Integer(3) ? y <- 1:3 # restrict y to "integer" type of length 3
y
#> [1] 1 2 3

We cannot assign values of the wrong type to x and y anymore.

x <- 2
#> Error: type mismatch
#> `typeof(value)`: "double"   
#> `expected`:      "character"

y <- 4:5
#> Error: length mismatch
#> `length(value)`: 2
#>      `expected`: 3

But the right type will work.

x <- c("b", "c")

y <- c(1L, 10L, 100L)

declare is a strict equivalent, slightly more efficient, which looks like base::assign.

declare("x", Character())
x <- "a"
x
#> [1] "a"

declare("y", Integer(3), 1:3)
y
#> [1] 1 2 3

Assertion factories and assertions

Integer and Character are function factories (functions that return functions), thus Integer(3) and Character() are functions.

The latter functions operate checks on a value and in case of success return this value, generally unmodified.
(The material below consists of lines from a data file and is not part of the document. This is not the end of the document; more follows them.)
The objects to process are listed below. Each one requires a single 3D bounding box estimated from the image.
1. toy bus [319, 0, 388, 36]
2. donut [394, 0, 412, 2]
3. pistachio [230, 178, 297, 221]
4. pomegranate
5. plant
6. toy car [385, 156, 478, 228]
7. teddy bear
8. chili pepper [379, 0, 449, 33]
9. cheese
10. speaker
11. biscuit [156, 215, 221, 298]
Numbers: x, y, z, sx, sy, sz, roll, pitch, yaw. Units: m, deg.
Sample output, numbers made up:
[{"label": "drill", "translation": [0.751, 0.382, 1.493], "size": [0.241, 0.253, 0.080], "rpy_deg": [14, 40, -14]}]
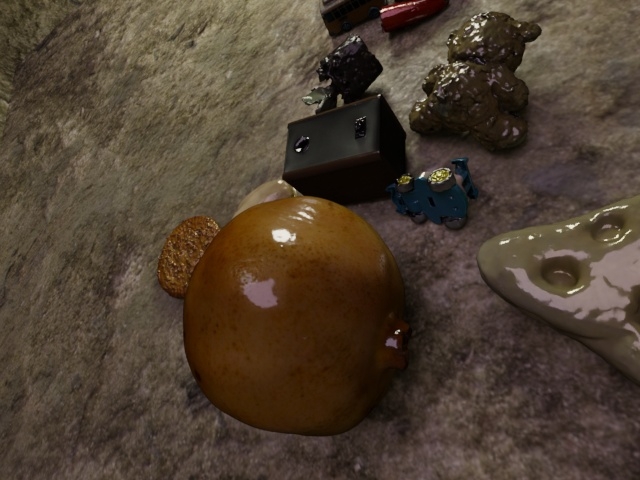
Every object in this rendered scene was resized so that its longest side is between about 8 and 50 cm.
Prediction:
[{"label": "toy bus", "translation": [0.084, -0.659, 1.155], "size": [0.181, 0.103, 0.092], "rpy_deg": [-15, 62, 26]}, {"label": "donut", "translation": [0.263, -0.727, 1.076], "size": [0.234, 0.089, 0.235], "rpy_deg": [-8, 71, 23]}, {"label": "pistachio", "translation": [-0.134, -0.056, 1.031], "size": [0.200, 0.117, 0.145], "rpy_deg": [-39, 63, 3]}, {"label": "pomegranate", "translation": [-0.022, 0.134, 0.729], "size": [0.416, 0.416, 0.417], "rpy_deg": [-13, 64, 27]}, {"label": "plant", "translation": [0.050, -0.402, 1.043], "size": [0.203, 0.131, 0.142], "rpy_deg": [-47, 23, 17]}, {"label": "toy car", "translation": [0.226, -0.100, 0.838], "size": [0.161, 0.126, 0.098], "rpy_deg": [8, 52, 44]}, {"label": "teddy bear", "translation": [0.314, -0.335, 0.848], "size": [0.267, 0.156, 0.256], "rpy_deg": [23, 82, 38]}, {"label": "chili pepper", "translation": [0.241, -0.583, 1.061], "size": [0.168, 0.065, 0.088], "rpy_deg": [-5, 42, 23]}, {"label": "cheese", "translation": [0.459, 0.013, 0.624], "size": [0.351, 0.129, 0.329], "rpy_deg": [38, 94, 35]}, {"label": "speaker", "translation": [0.056, -0.184, 0.918], "size": [0.230, 0.192, 0.154], "rpy_deg": [-8, 67, 30]}, {"label": "biscuit", "translation": [-0.375, 0.043, 1.188], "size": [0.253, 0.035, 0.254], "rpy_deg": [-12, 65, 27]}]
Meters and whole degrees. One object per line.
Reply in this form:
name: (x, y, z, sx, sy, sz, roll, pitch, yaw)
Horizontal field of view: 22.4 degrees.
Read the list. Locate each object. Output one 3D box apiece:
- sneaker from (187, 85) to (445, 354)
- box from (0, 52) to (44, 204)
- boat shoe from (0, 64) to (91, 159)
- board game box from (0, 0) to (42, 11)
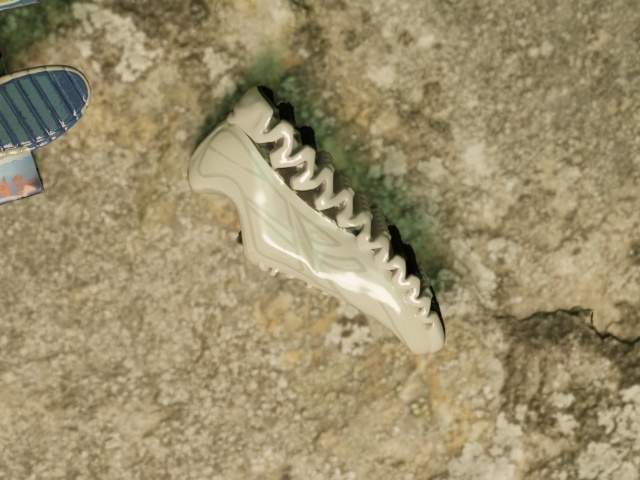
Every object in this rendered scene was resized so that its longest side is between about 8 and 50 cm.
sneaker: (0.000, 0.000, 1.463, 0.118, 0.110, 0.292, -40, 99, 8)
box: (-0.374, -0.085, 1.394, 0.233, 0.044, 0.159, -18, 106, -7)
boat shoe: (-0.277, -0.098, 1.350, 0.183, 0.066, 0.066, -25, 104, 1)
board game box: (-0.324, -0.286, 1.363, 0.136, 0.035, 0.201, -14, 105, -7)
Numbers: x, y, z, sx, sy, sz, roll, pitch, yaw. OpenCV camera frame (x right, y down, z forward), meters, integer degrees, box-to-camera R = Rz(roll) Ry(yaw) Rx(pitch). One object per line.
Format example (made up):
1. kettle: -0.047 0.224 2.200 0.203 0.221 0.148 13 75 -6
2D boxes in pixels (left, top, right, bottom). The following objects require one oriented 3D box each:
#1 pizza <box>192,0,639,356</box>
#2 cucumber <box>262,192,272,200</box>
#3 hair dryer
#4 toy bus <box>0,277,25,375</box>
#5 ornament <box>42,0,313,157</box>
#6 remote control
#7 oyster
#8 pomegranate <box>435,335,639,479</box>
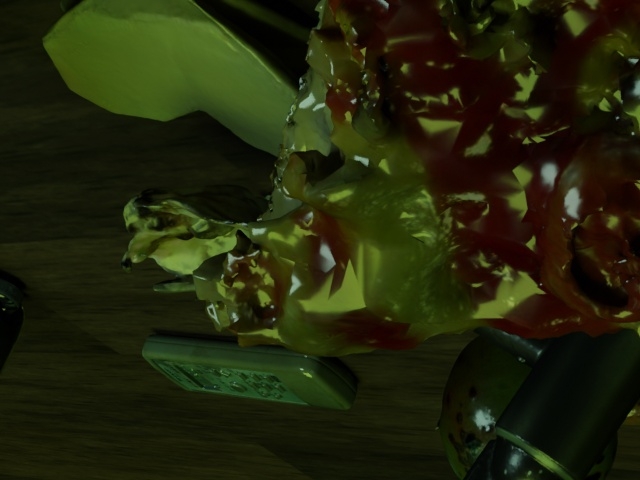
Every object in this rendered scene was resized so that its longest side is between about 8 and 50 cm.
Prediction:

For instance :

Integer(3)(1:2)
#> Error: length mismatch
#> `length(value)`: 2
#>      `expected`: 3

Character()(3)
#> Error: type mismatch
#> `typeof(value)`: "double"   
#> `expected`:      "character"

We call Integer(3) and Character() assertions, and we call Integer and Character assertion factories.

The package contains many assertion factories (see ?assertion_factories), the main ones are:

  • Any (No default restriction)
  • Logical
  • Integer
  • Double
  • Character
  • List
  • Environment
  • Factor
  • Matrix
  • Data.frame
  • Date
  • Time (POSIXct)

Custom assertions

As we’ve seen with Integer(3), passing arguments to a assertion factory restricts the type.

For instance Integer has arguments length null_ok and ..., we already used length, null_ok is convenient to allow a default NULL value in addition to the "integer" type. In the dots we can use arguments named as functions and with the value of the expected result.

Integer(anyNA = FALSE) ? x <- c(1L, 2L, NA)
#> Error: `anyNA` mismatch
#> `anyNA(value)`: TRUE 
#> `expected`:     FALSE

Useful arguments might be for instance, anyDuplicated = 0L, names = NULL, attributes = NULL… Any available function can be used.

That makes assertion factories very flexible! If it is still not flexible enough, one can provide conditions using formulas in the .... Be careful to skip all named arguments by adding comas, or name the formula arguments ....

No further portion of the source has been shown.